◆ The task:
Every entry below must be repeated exactly; skip the pictures.

◆ Dataset entries:
[Start of section]
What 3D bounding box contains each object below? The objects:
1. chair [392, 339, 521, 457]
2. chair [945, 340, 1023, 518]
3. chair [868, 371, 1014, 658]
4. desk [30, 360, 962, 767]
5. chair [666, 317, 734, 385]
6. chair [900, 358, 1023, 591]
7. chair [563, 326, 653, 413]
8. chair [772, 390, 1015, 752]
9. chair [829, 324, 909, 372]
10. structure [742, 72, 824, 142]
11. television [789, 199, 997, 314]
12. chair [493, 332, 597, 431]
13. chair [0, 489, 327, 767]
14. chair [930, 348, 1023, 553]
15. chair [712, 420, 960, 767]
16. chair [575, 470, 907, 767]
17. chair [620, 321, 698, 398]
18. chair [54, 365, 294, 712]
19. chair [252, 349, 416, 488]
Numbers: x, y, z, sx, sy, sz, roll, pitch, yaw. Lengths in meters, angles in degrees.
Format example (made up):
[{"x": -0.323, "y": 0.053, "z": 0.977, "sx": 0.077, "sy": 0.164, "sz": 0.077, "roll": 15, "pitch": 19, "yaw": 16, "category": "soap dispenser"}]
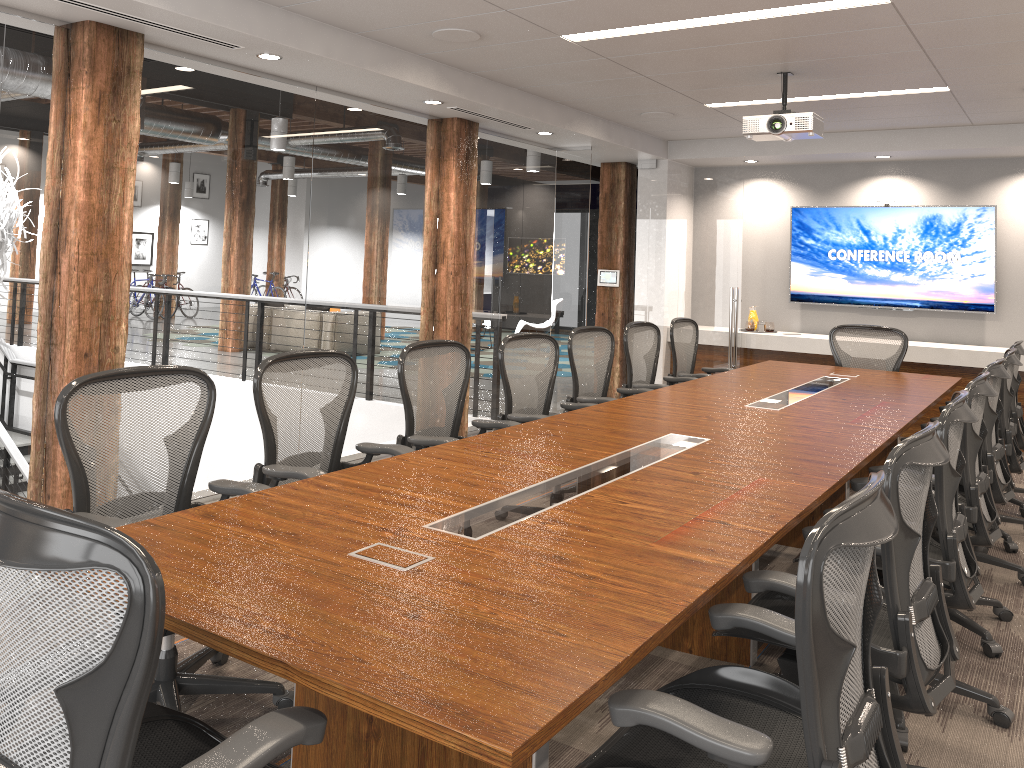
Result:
[{"x": -0.177, "y": 0.359, "z": 4.137, "sx": 0.763, "sy": 1.094, "sz": 0.800, "roll": 2, "pitch": 1, "yaw": 22, "category": "chair"}, {"x": 3.078, "y": 0.233, "z": 5.846, "sx": 0.763, "sy": 1.094, "sz": 0.800, "roll": 2, "pitch": 1, "yaw": 35, "category": "chair"}, {"x": 1.750, "y": 0.470, "z": 3.828, "sx": 0.763, "sy": 1.094, "sz": 0.800, "roll": 2, "pitch": 1, "yaw": 35, "category": "chair"}, {"x": 1.039, "y": 0.557, "z": 4.184, "sx": 1.410, "sy": 0.753, "sz": 6.052, "roll": 5, "pitch": 8, "yaw": 32, "category": "desk"}, {"x": 1.570, "y": 0.043, "z": 6.824, "sx": 0.764, "sy": 1.094, "sz": 0.798, "roll": 2, "pitch": 1, "yaw": 39, "category": "chair"}, {"x": 2.215, "y": 0.398, "z": 4.452, "sx": 0.794, "sy": 1.094, "sz": 0.769, "roll": 2, "pitch": 1, "yaw": 19, "category": "chair"}, {"x": 0.705, "y": 0.202, "z": 5.477, "sx": 0.763, "sy": 1.094, "sz": 0.800, "roll": 2, "pitch": 1, "yaw": 26, "category": "chair"}, {"x": 1.329, "y": 0.557, "z": 3.103, "sx": 0.793, "sy": 1.094, "sz": 0.769, "roll": 2, "pitch": 1, "yaw": 14, "category": "chair"}, {"x": 2.707, "y": 0.105, "z": 6.663, "sx": 0.772, "sy": 1.094, "sz": 0.791, "roll": 2, "pitch": 1, "yaw": 17, "category": "chair"}, {"x": 1.830, "y": -1.876, "z": 5.872, "sx": 0.462, "sy": 0.457, "sz": 0.317, "roll": 4, "pitch": 1, "yaw": 33, "category": "structure"}, {"x": 3.741, "y": -1.292, "z": 8.678, "sx": 1.918, "sy": 1.110, "sz": 0.064, "roll": 5, "pitch": -1, "yaw": 33, "category": "television"}, {"x": 0.266, "y": 0.277, "z": 4.831, "sx": 0.794, "sy": 1.094, "sz": 0.769, "roll": 2, "pitch": 1, "yaw": 19, "category": "chair"}, {"x": -0.695, "y": 0.701, "z": 1.576, "sx": 0.771, "sy": 1.094, "sz": 0.792, "roll": 2, "pitch": 1, "yaw": 7, "category": "chair"}, {"x": 2.648, "y": 0.312, "z": 5.174, "sx": 0.764, "sy": 1.094, "sz": 0.798, "roll": 3, "pitch": 1, "yaw": 43, "category": "chair"}, {"x": 0.872, "y": 0.628, "z": 2.485, "sx": 0.764, "sy": 1.094, "sz": 0.798, "roll": 2, "pitch": 1, "yaw": 32, "category": "chair"}, {"x": 0.446, "y": 0.715, "z": 1.757, "sx": 0.794, "sy": 1.094, "sz": 0.768, "roll": 2, "pitch": 1, "yaw": 27, "category": "chair"}, {"x": 1.113, "y": 0.114, "z": 6.203, "sx": 0.794, "sy": 1.094, "sz": 0.769, "roll": 2, "pitch": 1, "yaw": 17, "category": "chair"}, {"x": -1.086, "y": 0.511, "z": 2.829, "sx": 0.793, "sy": 1.094, "sz": 0.770, "roll": 2, "pitch": 1, "yaw": 7, "category": "chair"}, {"x": -0.677, "y": 0.427, "z": 3.528, "sx": 0.793, "sy": 1.094, "sz": 0.769, "roll": 2, "pitch": 1, "yaw": 15, "category": "chair"}]
[End of section]
◆ Solution for this task:
What 3D bounding box contains each object below? The objects:
1. chair [392, 339, 521, 457]
2. chair [945, 340, 1023, 518]
3. chair [868, 371, 1014, 658]
4. desk [30, 360, 962, 767]
5. chair [666, 317, 734, 385]
6. chair [900, 358, 1023, 591]
7. chair [563, 326, 653, 413]
8. chair [772, 390, 1015, 752]
9. chair [829, 324, 909, 372]
10. structure [742, 72, 824, 142]
11. television [789, 199, 997, 314]
12. chair [493, 332, 597, 431]
13. chair [0, 489, 327, 767]
14. chair [930, 348, 1023, 553]
15. chair [712, 420, 960, 767]
16. chair [575, 470, 907, 767]
17. chair [620, 321, 698, 398]
18. chair [54, 365, 294, 712]
19. chair [252, 349, 416, 488]
Numbers: x, y, z, sx, sy, sz, roll, pitch, yaw. Lengths in meters, angles in degrees.
Format example (made up):
[{"x": -0.323, "y": 0.053, "z": 0.977, "sx": 0.077, "sy": 0.164, "sz": 0.077, "roll": 15, "pitch": 19, "yaw": 16, "category": "soap dispenser"}]
Result:
[{"x": -0.177, "y": 0.359, "z": 4.137, "sx": 0.763, "sy": 1.094, "sz": 0.800, "roll": 2, "pitch": 1, "yaw": 22, "category": "chair"}, {"x": 3.078, "y": 0.233, "z": 5.846, "sx": 0.763, "sy": 1.094, "sz": 0.800, "roll": 2, "pitch": 1, "yaw": 35, "category": "chair"}, {"x": 1.750, "y": 0.470, "z": 3.828, "sx": 0.763, "sy": 1.094, "sz": 0.800, "roll": 2, "pitch": 1, "yaw": 35, "category": "chair"}, {"x": 1.039, "y": 0.557, "z": 4.184, "sx": 1.410, "sy": 0.753, "sz": 6.052, "roll": 5, "pitch": 8, "yaw": 32, "category": "desk"}, {"x": 1.570, "y": 0.043, "z": 6.824, "sx": 0.764, "sy": 1.094, "sz": 0.798, "roll": 2, "pitch": 1, "yaw": 39, "category": "chair"}, {"x": 2.215, "y": 0.398, "z": 4.452, "sx": 0.794, "sy": 1.094, "sz": 0.769, "roll": 2, "pitch": 1, "yaw": 19, "category": "chair"}, {"x": 0.705, "y": 0.202, "z": 5.477, "sx": 0.763, "sy": 1.094, "sz": 0.800, "roll": 2, "pitch": 1, "yaw": 26, "category": "chair"}, {"x": 1.329, "y": 0.557, "z": 3.103, "sx": 0.793, "sy": 1.094, "sz": 0.769, "roll": 2, "pitch": 1, "yaw": 14, "category": "chair"}, {"x": 2.707, "y": 0.105, "z": 6.663, "sx": 0.772, "sy": 1.094, "sz": 0.791, "roll": 2, "pitch": 1, "yaw": 17, "category": "chair"}, {"x": 1.830, "y": -1.876, "z": 5.872, "sx": 0.462, "sy": 0.457, "sz": 0.317, "roll": 4, "pitch": 1, "yaw": 33, "category": "structure"}, {"x": 3.741, "y": -1.292, "z": 8.678, "sx": 1.918, "sy": 1.110, "sz": 0.064, "roll": 5, "pitch": -1, "yaw": 33, "category": "television"}, {"x": 0.266, "y": 0.277, "z": 4.831, "sx": 0.794, "sy": 1.094, "sz": 0.769, "roll": 2, "pitch": 1, "yaw": 19, "category": "chair"}, {"x": -0.695, "y": 0.701, "z": 1.576, "sx": 0.771, "sy": 1.094, "sz": 0.792, "roll": 2, "pitch": 1, "yaw": 7, "category": "chair"}, {"x": 2.648, "y": 0.312, "z": 5.174, "sx": 0.764, "sy": 1.094, "sz": 0.798, "roll": 3, "pitch": 1, "yaw": 43, "category": "chair"}, {"x": 0.872, "y": 0.628, "z": 2.485, "sx": 0.764, "sy": 1.094, "sz": 0.798, "roll": 2, "pitch": 1, "yaw": 32, "category": "chair"}, {"x": 0.446, "y": 0.715, "z": 1.757, "sx": 0.794, "sy": 1.094, "sz": 0.768, "roll": 2, "pitch": 1, "yaw": 27, "category": "chair"}, {"x": 1.113, "y": 0.114, "z": 6.203, "sx": 0.794, "sy": 1.094, "sz": 0.769, "roll": 2, "pitch": 1, "yaw": 17, "category": "chair"}, {"x": -1.086, "y": 0.511, "z": 2.829, "sx": 0.793, "sy": 1.094, "sz": 0.770, "roll": 2, "pitch": 1, "yaw": 7, "category": "chair"}, {"x": -0.677, "y": 0.427, "z": 3.528, "sx": 0.793, "sy": 1.094, "sz": 0.769, "roll": 2, "pitch": 1, "yaw": 15, "category": "chair"}]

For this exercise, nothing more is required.